You can create and store hand-written knowledge on it as you could with the super-expensive pen computers nobody could afford. You can store, organise and consume, however eye-strainingly, books, something laptops and PCs have barely even tried to do. You can use it with or without a keyboard. You can store images and videos on it and view them at a reasonable size. Try doing that on a PC if you don’t have the correct filter of unzip utility.
Best of all, it runs the mini-apps we all suspect will prove more satisfying than the monolithic software we’ve been saddled with for years. So instead of buying one massive app that costs you $150 and frustrates the hell out of you, you buy ten smaller apps that actually do what you want at $10 a go. Many of them are very good which is why the iPhone has done so well.
The grey truth is that computers seem to me to have become stuck in a model of computing that’s barely moved on in a quarter of a century, and which exists to flog over-powered microprocessors to people to run needlessly complex operating systems running over-priced applications most ordinary mortals find opaque. What people need is simplicity but what they get is far from that.
Many companies have tried to move the model and failed to change much, see the network computer, the Linux netbook, the PDA, and even perhaps the iPhone. In trying to take computers back to basics, to tame their numbing complexity, we’ve ended up with something dumb, compromised or just plain expensive.

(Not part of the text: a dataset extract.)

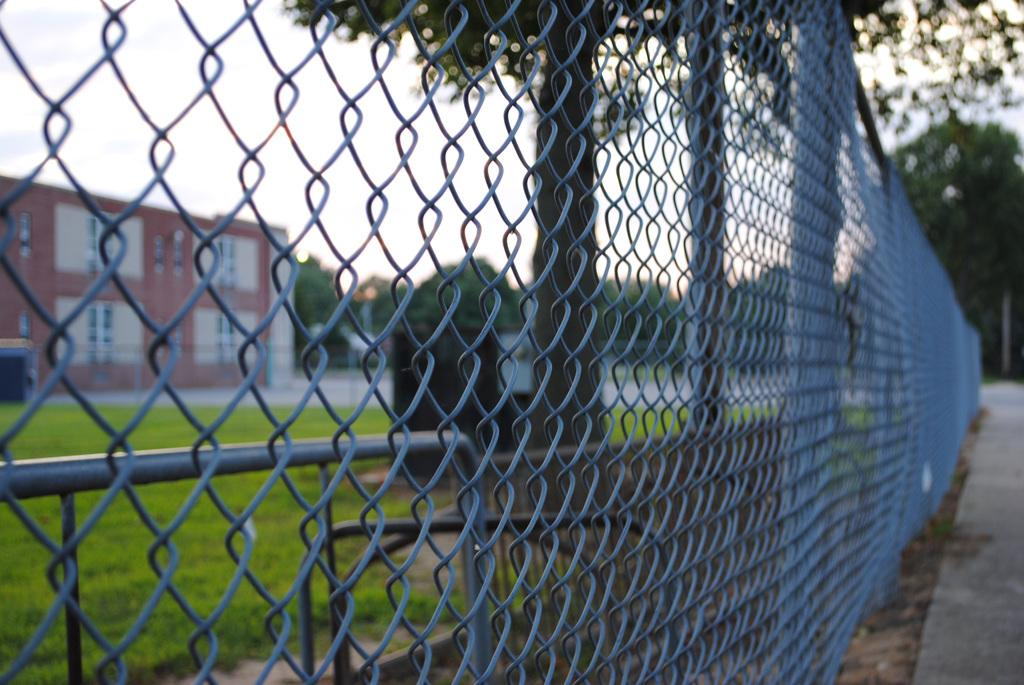What structure is located on the left side of the image? There is a building on the left side of the image. What type of barrier is present in the image? There is a metal fence in the image. What can be seen in the background of the image? There are trees in the background of the image. How would you describe the sky in the image? The sky is cloudy in the image. What type of vegetation is on the ground in the image? There is grass on the ground in the image. What type of nose can be seen on the building in the image? There is no nose present on the building in the image. What discovery was made by the person who took the image? The facts provided do not give any information about a discovery made by the person who took the image.

To me, the iPad’s genius is that it is part computer, part display device where previous challenges have tended to be one or the other. Media players are just media players but cost the same as an iPad. Netbooks run boring applications and Windows and have become steadily more expensive over time. The iPad, meanwhile, has a simple interface and doesn’t demand much of the user.
Some people want it to multi-task, others to include an HDMI socket. I’d be happy with a USB, but by the time that turns up on version 2.0 we’ll have a better idea whether my enthusiasm for this over-sized iPhone box of tricks is shared by the rest of the world.